The campaign against the JCP has, at times, spilled over into violence. Following the killing last July of Benghazi activist Abdulsalam al-Mesmari -- a vocal critic of the Brotherhood and Islamists more generally -- angry mobs ransacked and burned the JCP headquarters in Tripoli and Benghazi. One fiercely anti-Islamist TV channel ran footage of Mesmari talking about the Brotherhood on a loop, with an accompanying ticker that read: "Who killed Abdulsalam?" The mood got so ugly that party members feared for the life of their leader, Sawan.

The July 2013 military overthrow of Egypt's first democratically elected president, Mohamed Morsi, a Brotherhood member, also had an impact on Libya that is still being felt today. Some within the country's hollowed-out military, along with anti-Islamist activists and militias, make no secret of their wish to see a similar scenario unfold in Libya. Islamists, meanwhile, are convinced such plots are afoot.

"People who are against the Brotherhood here got a psychological boost because of what happened in Egypt," says Alamin Belhaj, a senior JCP figure and former head of the Libyan Brotherhood's shura council. "It had a very negative effect on us. The strategy of blaming everything on the Brotherhood has been very successful. 'Ikhwani' [Brotherhood] became a catchall term of abuse."

The Libyan Muslim Brotherhood has also faced criticism -- and even threats -- from within the country's wider Islamist firmament. Last year, Salafists in Tripoli publicly burned copies of the works of Banna and Brotherhood ideologue Sayyid Qutb. Others have accused the Brotherhood of compromising its principles to gain influence in the political game. Extremists in the restive city of Derna have targeted the Muslim Brotherhood and the JCP, bombing their offices and cars. An Islamist militia commander in eastern Libya recently declared that the Brotherhood had become a "burden on the country and on the Islamic movement itself."

All this has taken its toll on the Libyan Brotherhood and prompted no small amount of soul-searching among its members. The movement is still trying to put down roots in Libyan society, as its Egyptian counterpart did for decades, including registering as a nongovernmental organization in 2012.

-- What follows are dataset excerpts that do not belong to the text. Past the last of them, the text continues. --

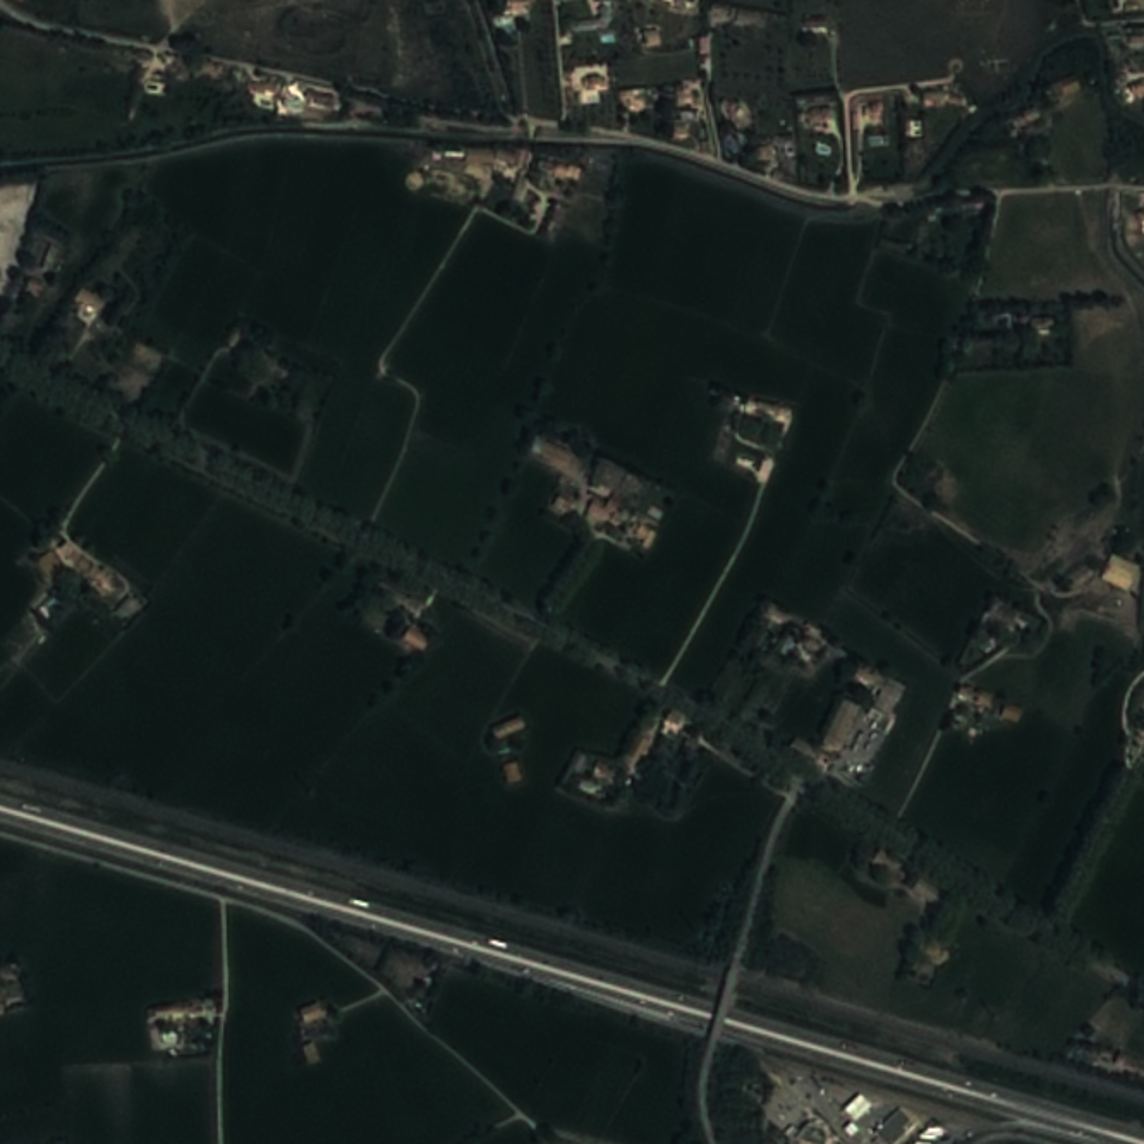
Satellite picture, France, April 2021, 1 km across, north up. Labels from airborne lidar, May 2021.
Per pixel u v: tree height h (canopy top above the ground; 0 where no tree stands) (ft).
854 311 0
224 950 0
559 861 0
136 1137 0
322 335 0
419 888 0
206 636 0
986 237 39
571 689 0
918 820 0
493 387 0
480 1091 0
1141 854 0
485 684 0
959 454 0
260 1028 0
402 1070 0
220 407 0
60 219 0
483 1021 0
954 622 0
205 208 0
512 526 0
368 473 0
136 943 0
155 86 0
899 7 0
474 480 0
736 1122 40
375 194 0
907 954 55
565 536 0
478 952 0
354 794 0
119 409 42
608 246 17
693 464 0
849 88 0
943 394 0
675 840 0
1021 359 26
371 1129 0
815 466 0
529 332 0
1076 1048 21
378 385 0
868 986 0
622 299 0
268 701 0
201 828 0
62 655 0
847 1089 0
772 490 0
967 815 0
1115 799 76
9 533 0
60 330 30
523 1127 0
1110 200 0
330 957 0
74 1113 0
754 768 48
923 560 0
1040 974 0
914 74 0
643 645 0
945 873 85
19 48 0
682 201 0
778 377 0
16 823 0
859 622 0
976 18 0
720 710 71
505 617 71
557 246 0
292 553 0
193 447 67
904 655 0
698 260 0
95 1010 0
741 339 0
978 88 0
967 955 0
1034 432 0
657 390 0
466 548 0
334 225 0
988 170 0
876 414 0
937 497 30
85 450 0
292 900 0
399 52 0
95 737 0
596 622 0
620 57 27
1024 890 0
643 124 21
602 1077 0
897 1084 0
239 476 54
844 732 0
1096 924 0
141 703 0
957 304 0
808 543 0
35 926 0
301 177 0
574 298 0
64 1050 0
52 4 0
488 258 0
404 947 27
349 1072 0
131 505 0
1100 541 0
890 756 0
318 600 0
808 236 0
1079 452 0

Some close to the Brotherhood argue that the movement should withdraw from politics entirely for a couple of years, focusing instead on social and charitable programs that might help mend its battered reputation. But others counter that removing itself from Libya's nascent political scene -- even if only temporarily -- could spell disaster for the organization. As this debate plays out, the JCP remains undecided on how it will approach elections for a new house of representatives, due to take place this year.

"Staying in the political game means we will get better at it," says one member of the Brotherhood's shura council. "And by staying we will make sure our political enemies don't keep us out. Libya needs a diverse political spectrum to reflect its diverse society. We believe the Islamist perspective is best represented by the Brotherhood and not the extremists who give a distorted picture."